Anastasia duduk di salah satu sofa di lobby. Wajahnya terlihat lelah dan sedikit muram. Adam, mendekatinya dengan senyum tipis. Ia tahu Anastasia tidak mudah terlihat kecewa, tapi kejadian menghebohkan malam ini jelas menjadi pengecualian.
"Jangan terlalu menyalahkan diri sendiri," ujar Adam sambil duduk di sebelahnya. Suaranya lembut, berusaha menghibur.
"Kita semua bisa salah menilai orang. Maya memang pandai meyakinkan orang lain. Tapi, kau sudah mengambil langkah yang tepat dengan mengendalikan situasi ini."
Anastasia menghela napas panjang, lalu menatap Adam dengan ekspresi datar. "Aku cuma nggak nyangka aja dia akan seberani itu. Dia memanfaatkan kepercayaan aku, dan sekarang semuanya kacau. Bahkan Pak Broto terlihat sangat kesal."
“Itu sih karena ulah sugar baby-nya. Mungkin pak Broto bete liat si Maya begitu.”

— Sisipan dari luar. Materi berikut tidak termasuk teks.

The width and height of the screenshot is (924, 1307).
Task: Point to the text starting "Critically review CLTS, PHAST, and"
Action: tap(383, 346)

“Heem, biarlah. Kepalaku semakin pusing saja.” Anastasia memijat pelipisnya.
Tak lama kemudian, Pak Broto menelpon Adam. "Adam," panggilnya dengan nada tegas, "mulai sekarang, aku mau kamu yang bertanggung jawab penuh atas masalah seperti ini. Jangan biarkan hal sekecil apapun lolos dari perhatianmu."

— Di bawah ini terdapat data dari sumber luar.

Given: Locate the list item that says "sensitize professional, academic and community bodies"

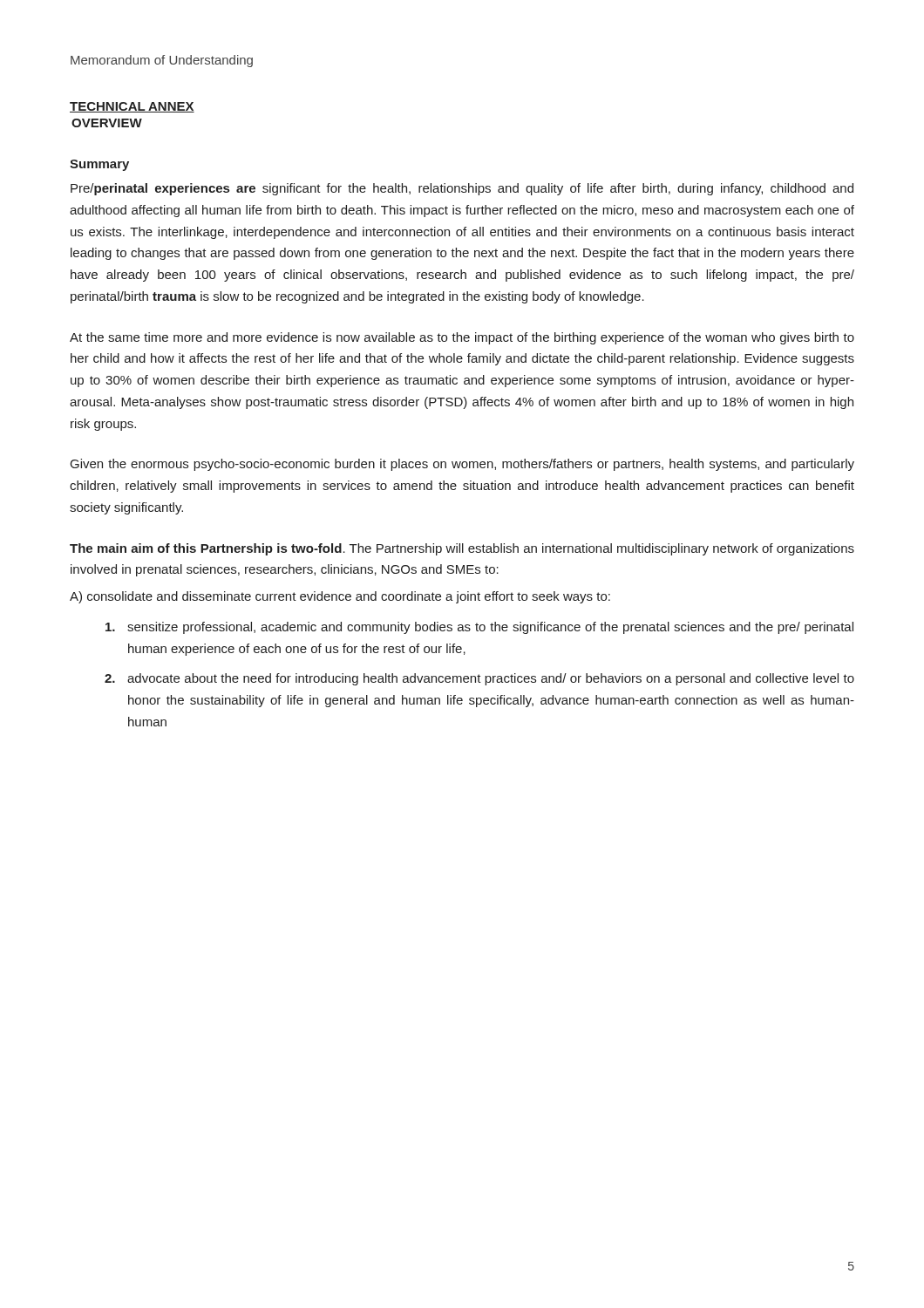Looking at the screenshot, I should (x=479, y=638).

"Baik, pak! Saya akan pastikan tidak ada lagi kekacauan seperti ini."
Usai menutup panggilan, Adam berkata, "Dia memang tegas, tapi kau tahu kan, dia hanya ingin memastikan semua terkendali."
"Aku tahu, lebih baik dia ketimbang Kanjeng Mami malah. Tapi ..," jawab Anastasia sambil memijat pelipisnya. "Tapi tetap saja, aku merasa gagal. Harusnya aku bisa melihat tanda-tanda lebih awal."

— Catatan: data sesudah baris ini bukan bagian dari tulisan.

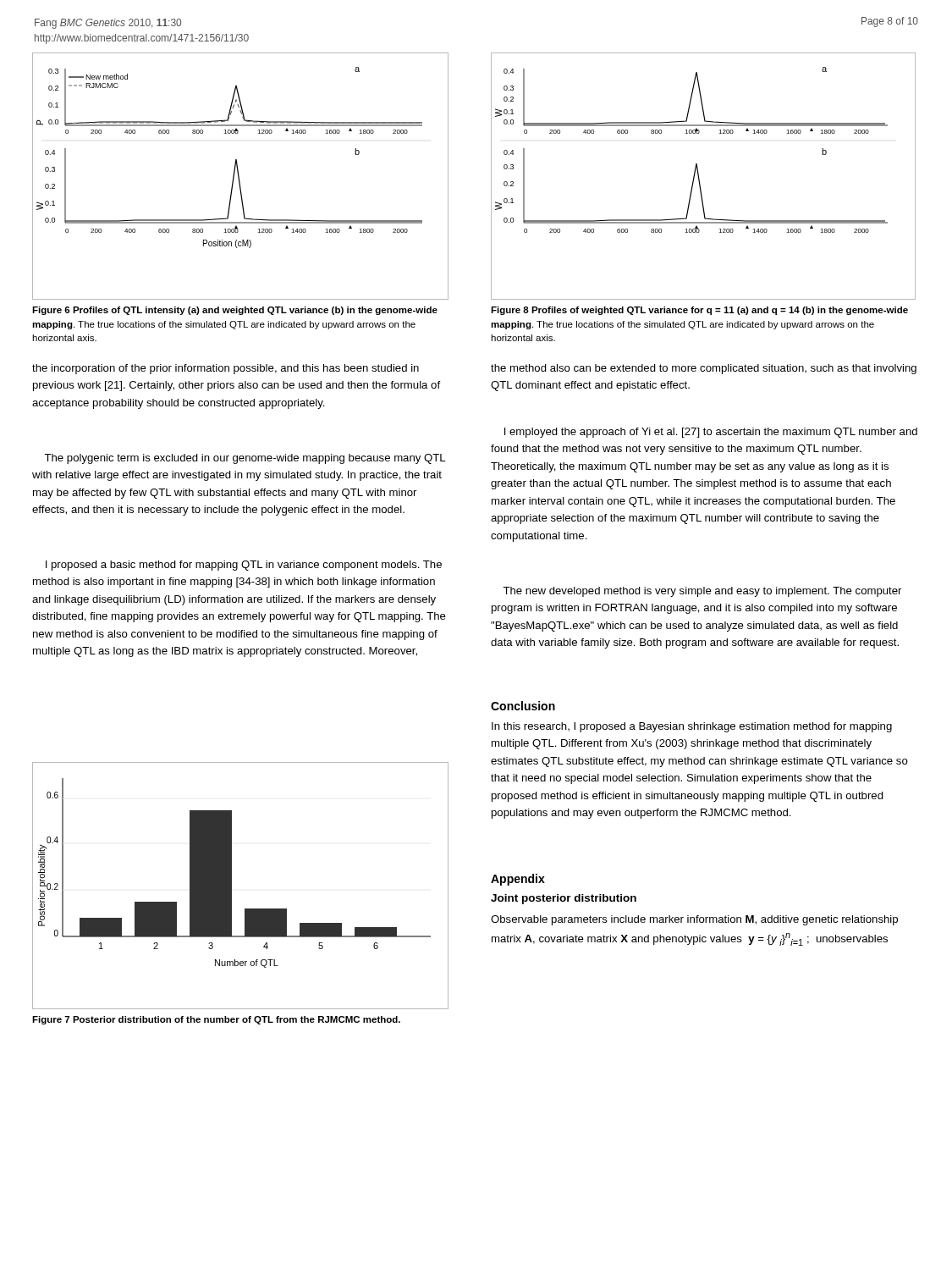
Task: Locate the passage starting "The polygenic term is excluded in our genome-wide"
Action: 239,484

Adam tersenyum dan menepuk pundaknya. "Kalau begitu, anggap ini sebagai pelajaran. Lagipula, bantuan dari timku akan segera tiba. Mereka akan membantu memastikan tidak ada kerusakan jangka panjang, termasuk menjaga reputasi hotel ini."
Anastasia tersenyum tipis, meskipun jelas masih merasa kecewa. "Terima kasih, Adam. Aku harap kita bisa menyelesaikan semuanya sebelum berita ini menyebar."
"Kita pasti bisa," balas Adam penuh keyakinan. "Aku akan segera menghubungi timku untuk menangani ini. Sementara itu, kau istirahat dulu. Kau sudah bekerja terlalu keras malam ini."
Anastasia mengangguk perlahan. Meski belum sepenuhnya puas, ia merasa sedikit lega mendengar nada penuh kepastian dari Adam. Suara tawa ceria terdengar dari pintu masuk. Lima wanita cantik masuk dengan pakaian minim.
Salah satu diantaranya langsung mengambil kunci kamar yang dipesan sehari sebelumnya.
“Kamar 307 sama 310, please!”
Kunci kamar diberikan pada wanita bergelung asal dengan rambut pirangnya. Salah satu dari kelima wanita itu menoleh ke arah Anastasia dan juga Adam. Ia tersenyum sebelum berlalu menyusul rekannya di lift.
“Kamu kenal dia An?” Adam bertanya yang dijawab gelengan kepala.
“Perasaanku nggak enak Dam.”
Mata Anastasia tertuju pada mereka yang tengah menunggu lift terbuka. Didalam lift kelimanya bercanda.
“Aku lihat ada boneka lucu tapi jelek di taruh di meja tamu. Persis kaya boneka Lalabulu bukan sih?”
“Mana aku lihat deh!” Salah satunya merebut ponsel yang lain.
“Ih jelek banget ya, gimana kalau kita sebut pake nama … Anna!”
“Bloody, Anna!!” Sahut yang lain kompak dalam lift dengan canda tawa.